BEGIN PROVIDED DATA

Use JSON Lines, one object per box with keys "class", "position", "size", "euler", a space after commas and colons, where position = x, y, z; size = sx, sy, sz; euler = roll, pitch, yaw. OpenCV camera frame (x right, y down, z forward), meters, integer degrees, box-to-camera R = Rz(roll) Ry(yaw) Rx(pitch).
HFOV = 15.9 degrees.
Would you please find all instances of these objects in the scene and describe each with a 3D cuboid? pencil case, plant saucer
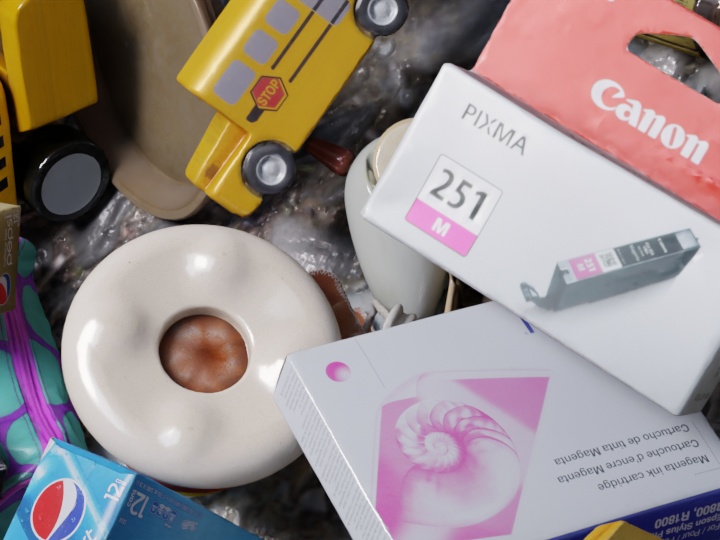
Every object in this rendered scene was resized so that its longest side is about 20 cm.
{"class": "pencil case", "position": [-0.212, 0.069, 1.530], "size": [0.092, 0.085, 0.200], "euler": [-57, 43, 40]}
{"class": "plant saucer", "position": [-0.127, -0.129, 1.542], "size": [0.029, 0.200, 0.200], "euler": [-21, 44, -31]}

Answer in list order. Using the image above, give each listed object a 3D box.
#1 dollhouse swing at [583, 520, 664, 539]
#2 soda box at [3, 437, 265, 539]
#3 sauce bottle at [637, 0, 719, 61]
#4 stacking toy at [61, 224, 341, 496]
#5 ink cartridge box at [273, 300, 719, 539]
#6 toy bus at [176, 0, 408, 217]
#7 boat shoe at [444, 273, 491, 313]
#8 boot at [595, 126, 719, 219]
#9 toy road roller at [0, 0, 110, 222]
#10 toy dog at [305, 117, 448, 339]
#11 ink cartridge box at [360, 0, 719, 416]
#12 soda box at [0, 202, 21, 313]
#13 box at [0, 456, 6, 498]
{"class": "dollhouse swing", "position": [0.206, 0.205, 1.152], "size": [0.182, 0.176, 0.200], "euler": [-9, 61, 28]}
{"class": "soda box", "position": [-0.096, 0.155, 1.342], "size": [0.064, 0.200, 0.068], "euler": [18, 79, 38]}
{"class": "sauce bottle", "position": [0.143, -0.169, 1.448], "size": [0.200, 0.065, 0.065], "euler": [25, 81, 38]}
{"class": "stacking toy", "position": [-0.094, 0.077, 1.398], "size": [0.146, 0.200, 0.146], "euler": [4, 64, -9]}
{"class": "ink cartridge box", "position": [0.086, 0.102, 1.276], "size": [0.196, 0.043, 0.200], "euler": [-14, 54, -27]}
{"class": "toy bus", "position": [-0.035, -0.130, 1.427], "size": [0.200, 0.078, 0.065], "euler": [-55, 16, 2]}
{"class": "boat shoe", "position": [0.084, -0.005, 1.401], "size": [0.071, 0.065, 0.200], "euler": [-5, 64, 29]}
{"class": "boot", "position": [0.187, -0.001, 1.311], "size": [0.200, 0.077, 0.139], "euler": [-13, 62, 10]}
{"class": "toy road roller", "position": [-0.246, -0.109, 1.564], "size": [0.146, 0.200, 0.123], "euler": [-24, 41, -28]}
{"class": "toy dog", "position": [0.000, 0.000, 1.424], "size": [0.096, 0.132, 0.200], "euler": [12, 62, 12]}
{"class": "ink cartridge box", "position": [0.126, -0.051, 1.290], "size": [0.200, 0.044, 0.174], "euler": [33, 101, 19]}
{"class": "soda box", "position": [-0.301, -0.016, 1.500], "size": [0.200, 0.068, 0.064], "euler": [8, 101, 17]}
{"class": "box", "position": [-0.298, 0.120, 1.488], "size": [0.200, 0.107, 0.149], "euler": [48, 131, 48]}
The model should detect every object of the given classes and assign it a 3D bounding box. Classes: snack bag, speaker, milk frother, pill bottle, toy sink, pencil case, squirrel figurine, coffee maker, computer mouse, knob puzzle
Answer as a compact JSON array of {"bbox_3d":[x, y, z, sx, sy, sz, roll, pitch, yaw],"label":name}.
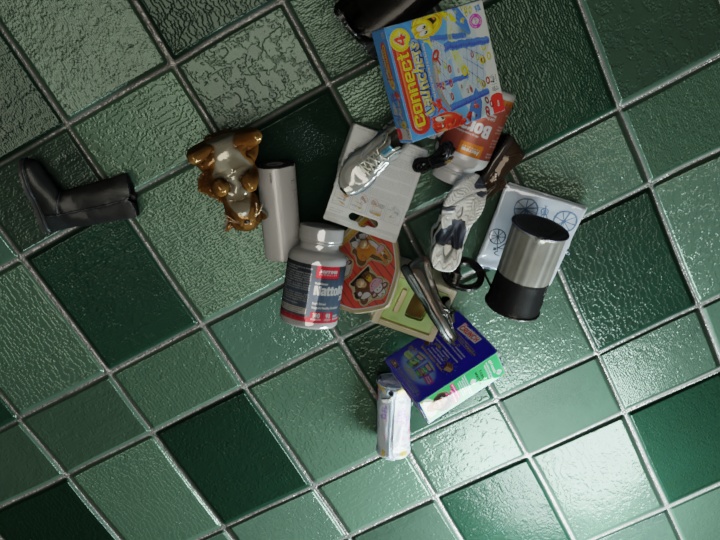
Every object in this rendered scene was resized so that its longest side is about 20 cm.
[{"bbox_3d":[0.363,-0.073,1.562,0.188,0.021,0.200,15,112,-7],"label":"snack bag"},{"bbox_3d":[-0.165,-0.121,1.492,0.081,0.081,0.200,-4,112,-1],"label":"speaker"},{"bbox_3d":[0.287,-0.025,1.474,0.200,0.181,0.188,8,117,-10],"label":"milk frother"},{"bbox_3d":[0.216,-0.268,1.433,0.112,0.112,0.200,18,109,-8],"label":"pill bottle"},{"bbox_3d":[0.083,0.049,1.549,0.200,0.112,0.130,21,108,-10],"label":"toy sink"},{"bbox_3d":[-0.092,0.008,1.468,0.119,0.120,0.200,8,100,-5],"label":"pill bottle"},{"bbox_3d":[0.077,0.334,1.670,0.083,0.091,0.200,0,112,-2],"label":"pencil case"},{"bbox_3d":[-0.248,-0.174,1.420,0.141,0.200,0.187,-25,114,-13],"label":"squirrel figurine"},{"bbox_3d":[0.064,-0.484,1.302,0.200,0.192,0.135,-40,111,13],"label":"coffee maker"},{"bbox_3d":[0.143,-0.294,1.408,0.044,0.110,0.200,9,79,-29],"label":"computer mouse"},{"bbox_3d":[0.000,0.000,1.498,0.220,0.220,0.030,-45,148,14],"label":"knob puzzle"}]

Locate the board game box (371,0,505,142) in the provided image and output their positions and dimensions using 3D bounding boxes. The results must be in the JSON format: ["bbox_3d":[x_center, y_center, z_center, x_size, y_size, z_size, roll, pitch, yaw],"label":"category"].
[{"bbox_3d":[0.140,-0.349,1.280,0.196,0.056,0.200,-22,108,-17],"label":"board game box"}]

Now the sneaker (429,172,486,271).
[{"bbox_3d":[0.187,-0.102,1.456,0.079,0.130,0.199,11,102,-5],"label":"sneaker"}]

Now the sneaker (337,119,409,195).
[{"bbox_3d":[0.034,-0.225,1.401,0.075,0.087,0.200,43,90,-11],"label":"sneaker"}]

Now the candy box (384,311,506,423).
[{"bbox_3d":[0.179,0.203,1.556,0.200,0.169,0.077,-33,126,-5],"label":"candy box"}]

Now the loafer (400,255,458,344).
[{"bbox_3d":[0.154,0.060,1.468,0.063,0.072,0.200,-33,110,1],"label":"loafer"}]

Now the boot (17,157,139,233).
[{"bbox_3d":[-0.563,-0.165,1.468,0.200,0.066,0.165,-9,119,5],"label":"boot"}]

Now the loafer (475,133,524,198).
[{"bbox_3d":[0.266,-0.179,1.489,0.071,0.073,0.200,31,109,-15],"label":"loafer"}]

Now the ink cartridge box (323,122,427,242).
[{"bbox_3d":[0.027,-0.177,1.471,0.162,0.057,0.200,18,97,-10],"label":"ink cartridge box"}]

END PROVIDED DATA

What is needed is an exact repeat of the records, with every picture left out.

Use JSON Lines, one object per box with keys "class", "position", "size", "euler", a space after commas and colons, where position = x, y, z; size = sx, sy, sz; euler = roll, pitch, yaw. OpenCV camera frame (x right, y down, z forward), meters, integer degrees, box-to-camera R = Rz(roll) Ry(yaw) Rx(pitch).
HFOV = 15.9 degrees.
Would you please find all instances of these objects in the scene and describe each with a 3D cuboid? pencil case, plant saucer
Every object in this rendered scene was resized so that its longest side is about 20 cm.
{"class": "pencil case", "position": [-0.212, 0.069, 1.530], "size": [0.092, 0.085, 0.200], "euler": [-57, 43, 40]}
{"class": "plant saucer", "position": [-0.127, -0.129, 1.542], "size": [0.029, 0.200, 0.200], "euler": [-21, 44, -31]}

Answer in list order. Using the image above, give each listed object a 3D box.
#1 dollhouse swing at [583, 520, 664, 539]
#2 soda box at [3, 437, 265, 539]
#3 sauce bottle at [637, 0, 719, 61]
#4 stacking toy at [61, 224, 341, 496]
#5 ink cartridge box at [273, 300, 719, 539]
#6 toy bus at [176, 0, 408, 217]
#7 boat shoe at [444, 273, 491, 313]
#8 boot at [595, 126, 719, 219]
#9 toy road roller at [0, 0, 110, 222]
#10 toy dog at [305, 117, 448, 339]
#11 ink cartridge box at [360, 0, 719, 416]
#12 soda box at [0, 202, 21, 313]
#13 box at [0, 456, 6, 498]
{"class": "dollhouse swing", "position": [0.206, 0.205, 1.152], "size": [0.182, 0.176, 0.200], "euler": [-9, 61, 28]}
{"class": "soda box", "position": [-0.096, 0.155, 1.342], "size": [0.064, 0.200, 0.068], "euler": [18, 79, 38]}
{"class": "sauce bottle", "position": [0.143, -0.169, 1.448], "size": [0.200, 0.065, 0.065], "euler": [25, 81, 38]}
{"class": "stacking toy", "position": [-0.094, 0.077, 1.398], "size": [0.146, 0.200, 0.146], "euler": [4, 64, -9]}
{"class": "ink cartridge box", "position": [0.086, 0.102, 1.276], "size": [0.196, 0.043, 0.200], "euler": [-14, 54, -27]}
{"class": "toy bus", "position": [-0.035, -0.130, 1.427], "size": [0.200, 0.078, 0.065], "euler": [-55, 16, 2]}
{"class": "boat shoe", "position": [0.084, -0.005, 1.401], "size": [0.071, 0.065, 0.200], "euler": [-5, 64, 29]}
{"class": "boot", "position": [0.187, -0.001, 1.311], "size": [0.200, 0.077, 0.139], "euler": [-13, 62, 10]}
{"class": "toy road roller", "position": [-0.246, -0.109, 1.564], "size": [0.146, 0.200, 0.123], "euler": [-24, 41, -28]}
{"class": "toy dog", "position": [0.000, 0.000, 1.424], "size": [0.096, 0.132, 0.200], "euler": [12, 62, 12]}
{"class": "ink cartridge box", "position": [0.126, -0.051, 1.290], "size": [0.200, 0.044, 0.174], "euler": [33, 101, 19]}
{"class": "soda box", "position": [-0.301, -0.016, 1.500], "size": [0.200, 0.068, 0.064], "euler": [8, 101, 17]}
{"class": "box", "position": [-0.298, 0.120, 1.488], "size": [0.200, 0.107, 0.149], "euler": [48, 131, 48]}
The model should detect every object of the given classes and assign it a 3D bounding box. Classes: snack bag, speaker, milk frother, pill bottle, toy sink, pencil case, squirrel figurine, coffee maker, computer mouse, knob puzzle
Answer as a compact JSON array of {"bbox_3d":[x, y, z, sx, sy, sz, roll, pitch, yaw],"label":name}.
Every object in this rendered scene was resized so that its longest side is about 20 cm.
[{"bbox_3d":[0.363,-0.073,1.562,0.188,0.021,0.200,15,112,-7],"label":"snack bag"},{"bbox_3d":[-0.165,-0.121,1.492,0.081,0.081,0.200,-4,112,-1],"label":"speaker"},{"bbox_3d":[0.287,-0.025,1.474,0.200,0.181,0.188,8,117,-10],"label":"milk frother"},{"bbox_3d":[0.216,-0.268,1.433,0.112,0.112,0.200,18,109,-8],"label":"pill bottle"},{"bbox_3d":[0.083,0.049,1.549,0.200,0.112,0.130,21,108,-10],"label":"toy sink"},{"bbox_3d":[-0.092,0.008,1.468,0.119,0.120,0.200,8,100,-5],"label":"pill bottle"},{"bbox_3d":[0.077,0.334,1.670,0.083,0.091,0.200,0,112,-2],"label":"pencil case"},{"bbox_3d":[-0.248,-0.174,1.420,0.141,0.200,0.187,-25,114,-13],"label":"squirrel figurine"},{"bbox_3d":[0.064,-0.484,1.302,0.200,0.192,0.135,-40,111,13],"label":"coffee maker"},{"bbox_3d":[0.143,-0.294,1.408,0.044,0.110,0.200,9,79,-29],"label":"computer mouse"},{"bbox_3d":[0.000,0.000,1.498,0.220,0.220,0.030,-45,148,14],"label":"knob puzzle"}]

Locate the board game box (371,0,505,142) in the provided image and output their positions and dimensions using 3D bounding boxes. The results must be in the JSON format: ["bbox_3d":[x_center, y_center, z_center, x_size, y_size, z_size, roll, pitch, yaw],"label":"category"].
[{"bbox_3d":[0.140,-0.349,1.280,0.196,0.056,0.200,-22,108,-17],"label":"board game box"}]

Now the sneaker (429,172,486,271).
[{"bbox_3d":[0.187,-0.102,1.456,0.079,0.130,0.199,11,102,-5],"label":"sneaker"}]

Now the sneaker (337,119,409,195).
[{"bbox_3d":[0.034,-0.225,1.401,0.075,0.087,0.200,43,90,-11],"label":"sneaker"}]

Now the candy box (384,311,506,423).
[{"bbox_3d":[0.179,0.203,1.556,0.200,0.169,0.077,-33,126,-5],"label":"candy box"}]

Now the loafer (400,255,458,344).
[{"bbox_3d":[0.154,0.060,1.468,0.063,0.072,0.200,-33,110,1],"label":"loafer"}]

Now the boot (17,157,139,233).
[{"bbox_3d":[-0.563,-0.165,1.468,0.200,0.066,0.165,-9,119,5],"label":"boot"}]

Now the loafer (475,133,524,198).
[{"bbox_3d":[0.266,-0.179,1.489,0.071,0.073,0.200,31,109,-15],"label":"loafer"}]

Now the ink cartridge box (323,122,427,242).
[{"bbox_3d":[0.027,-0.177,1.471,0.162,0.057,0.200,18,97,-10],"label":"ink cartridge box"}]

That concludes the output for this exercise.